Work to be completed: An exact copy of the data is required, with no pictures in it.

The data:
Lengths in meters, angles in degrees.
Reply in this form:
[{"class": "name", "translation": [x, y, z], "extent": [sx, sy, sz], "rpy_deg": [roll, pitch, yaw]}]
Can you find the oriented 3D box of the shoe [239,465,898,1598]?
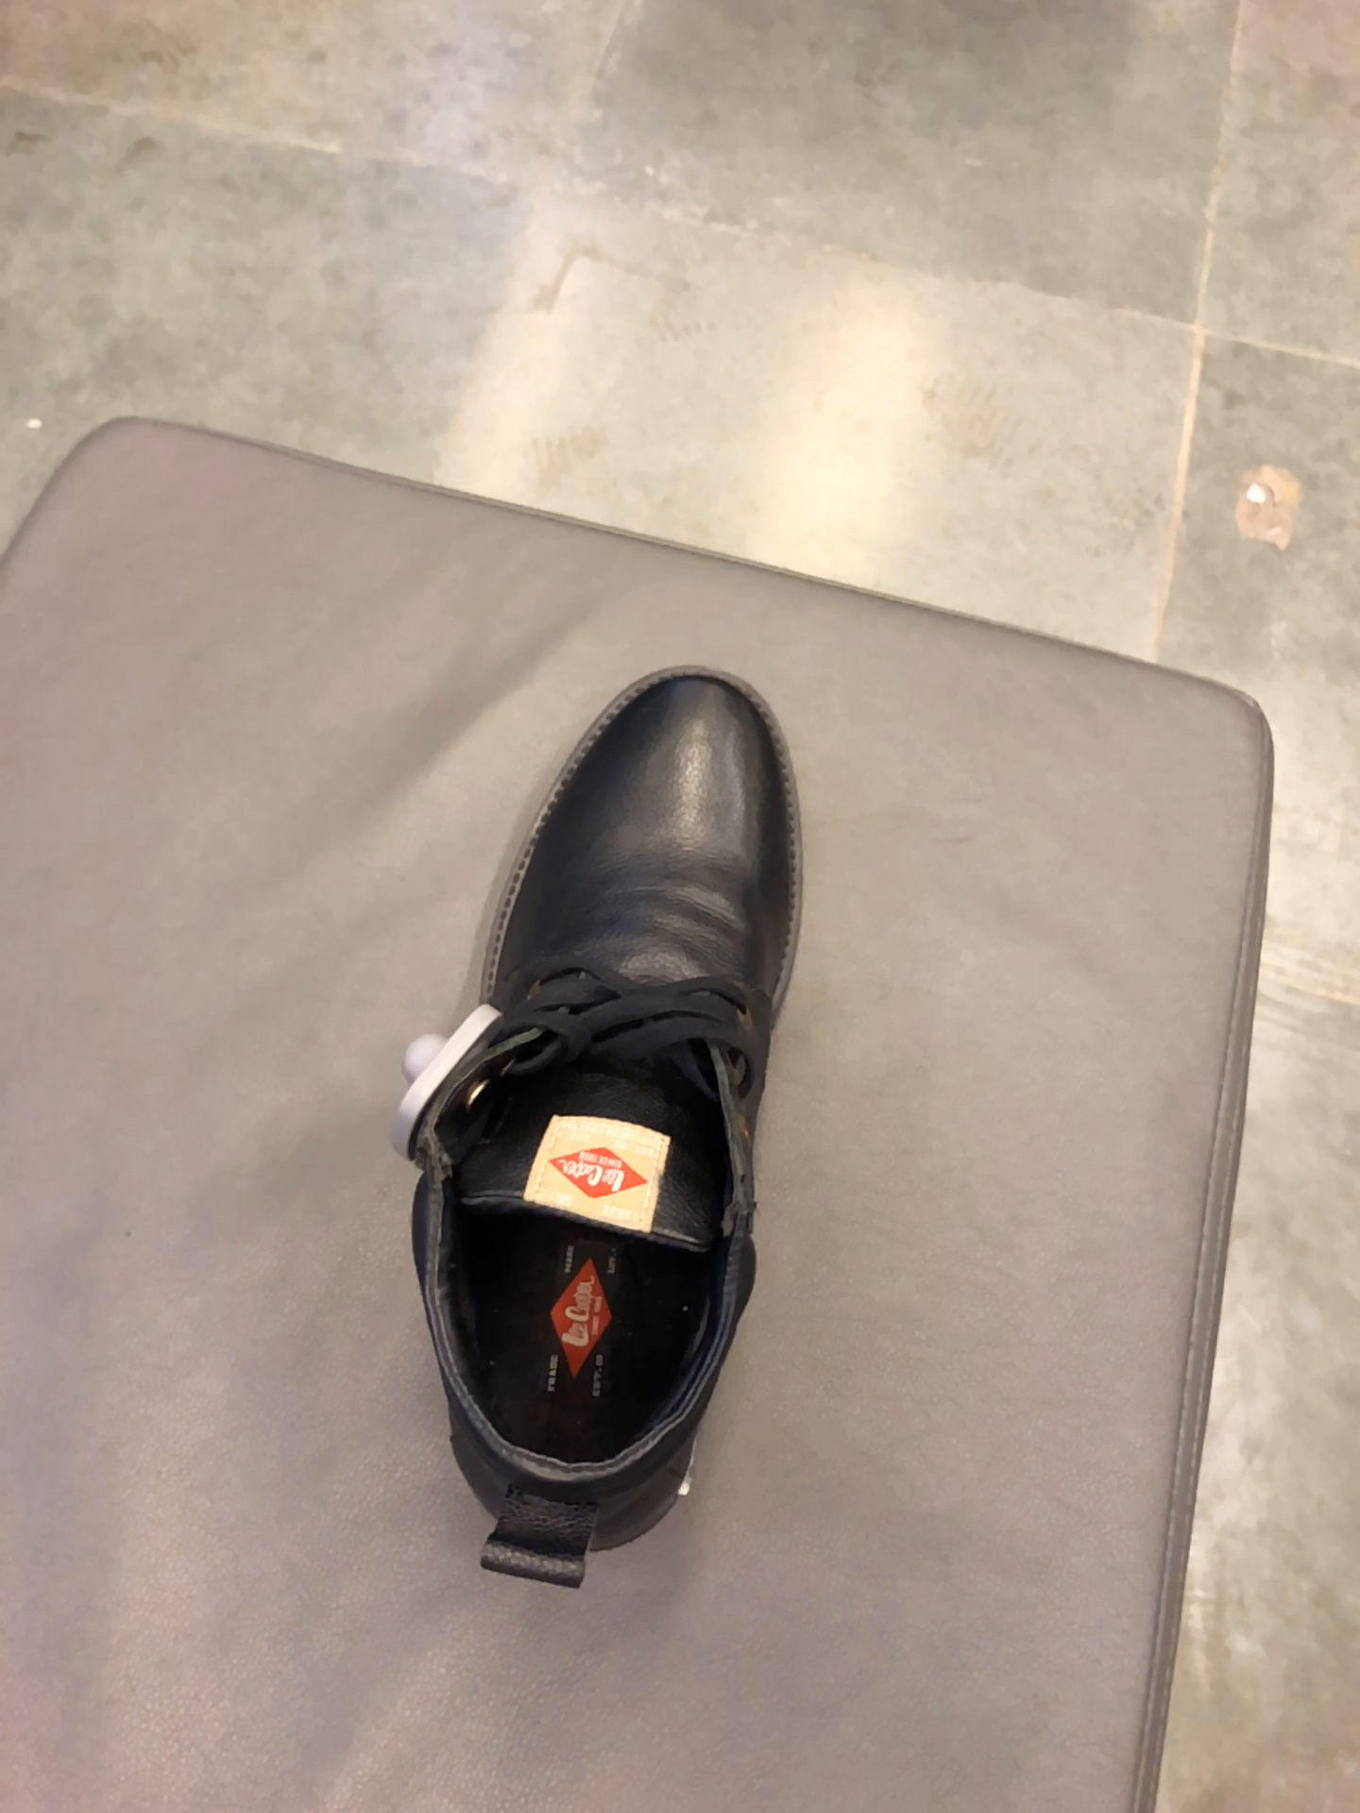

Solved problem:
Lengths in meters, angles in degrees.
Reply in this form:
[{"class": "name", "translation": [x, y, z], "extent": [sx, sy, sz], "rpy_deg": [roll, pitch, yaw]}]
Can you find the oriented 3D box of the shoe [239,465,898,1598]?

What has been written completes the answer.